In the kitchen, she stands in front of the open fridge, letting the delicious leftover cold soak into her skin. She’ll deal with the spoiled food later. Eggs had, actually, been her plan but it’s just too hot. The stove doesn’t work, and she doesn’t have the fortitude to turn the grill on. She finds some leftover shrimp pasta that Mulder has made, some vegetables, and assembles it all into a passable salad.
There, she thinks, pleased. I’d pay twelve bucks for that somewhere. She uses her foot to scratch a mosquito bite on her calf.
Her skin is clammy, hair stringy and damp from sweat. Maybe they should just go to a hotel after all. Perhaps she should stop ascribing symbolism to every damn thing and enjoy herself once in a while. But she thinks of packing, of driving, of unpacking and somehow it’s all too much and her eyes start to fill and her sinuses sting.
Scully pinches her wrist until it passes, feeling weak and hating the weakness in herself. It’s the heat, it’s the exhaustion, it’s the heavy mental load. She considers going outside for a dip in the pond, but suspects the water will be unpleasantly warm. Instead, she drags herself back upstairs for a cold shower.
She sits on the edge of the bed, weary, and stares at a framed picture of a sea turtle on the far wall. If she lets her eyes drift out of focus, it looks like it’s swimming. She tips her head back for a better angle, watches it float across her vision. It slips away then, into the black of the deep waters.
***
She startles awake when he touches her shoulder, gasps.
“Jesus,” Mulder says, and sits next to her. “Bad dream?”

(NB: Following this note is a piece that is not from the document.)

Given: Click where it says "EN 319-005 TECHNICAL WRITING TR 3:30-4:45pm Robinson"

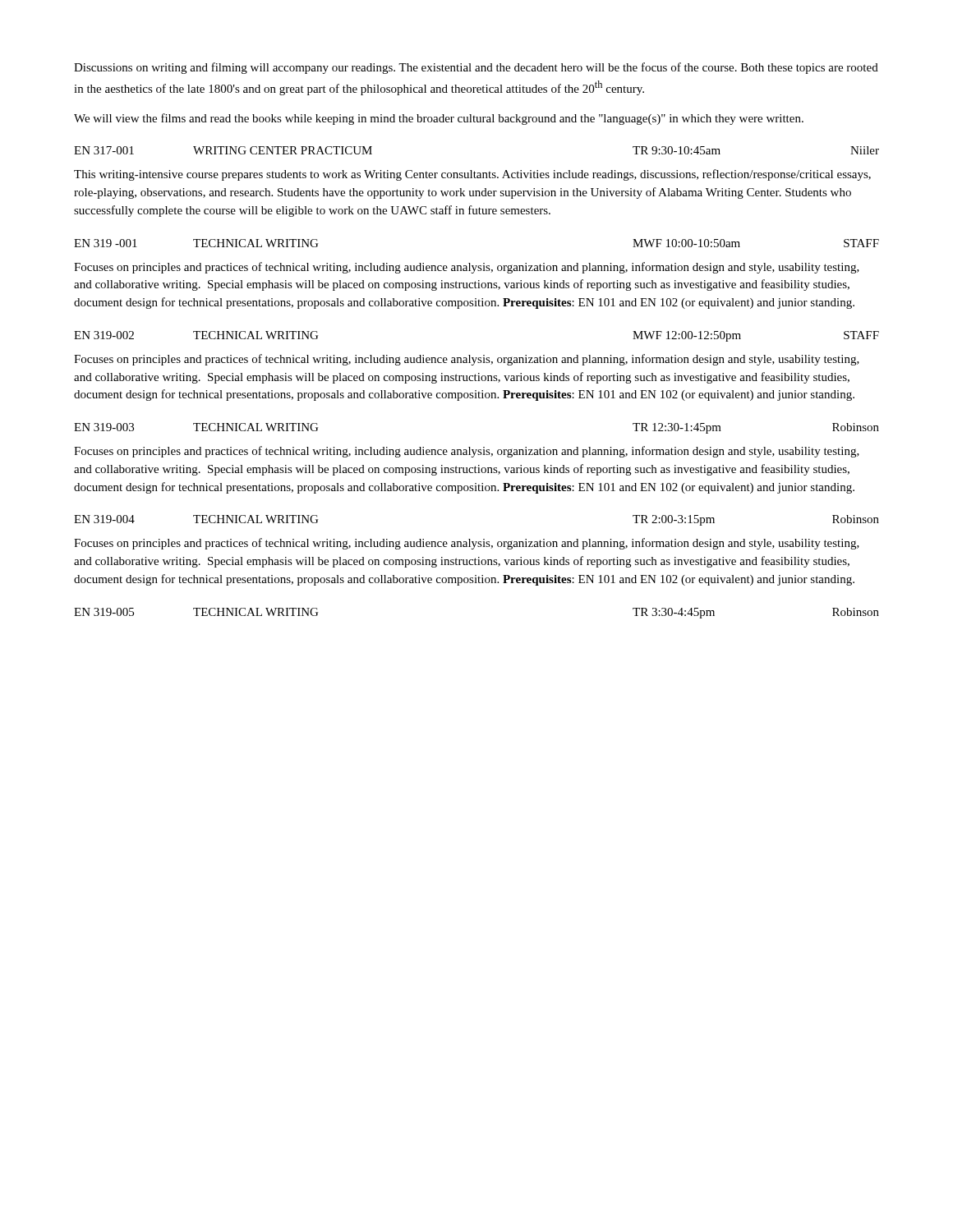Looking at the screenshot, I should point(102,613).

Scully sits up, dazed. “What? No, was I asleep?”
“You’ve been out cold for over an hour, but I wanted to make sure you got some food. Water at least, it’s too hot up here.”
She blinks, confused. “I don’t remember,” she says. Peering to her right reveals night outside.
Mulder holds a hand out and she grasps it, letting him pull her to her feet. She wavers and he steadies her, arm about her shoulders. 
“I just need some water,” she says, defensive.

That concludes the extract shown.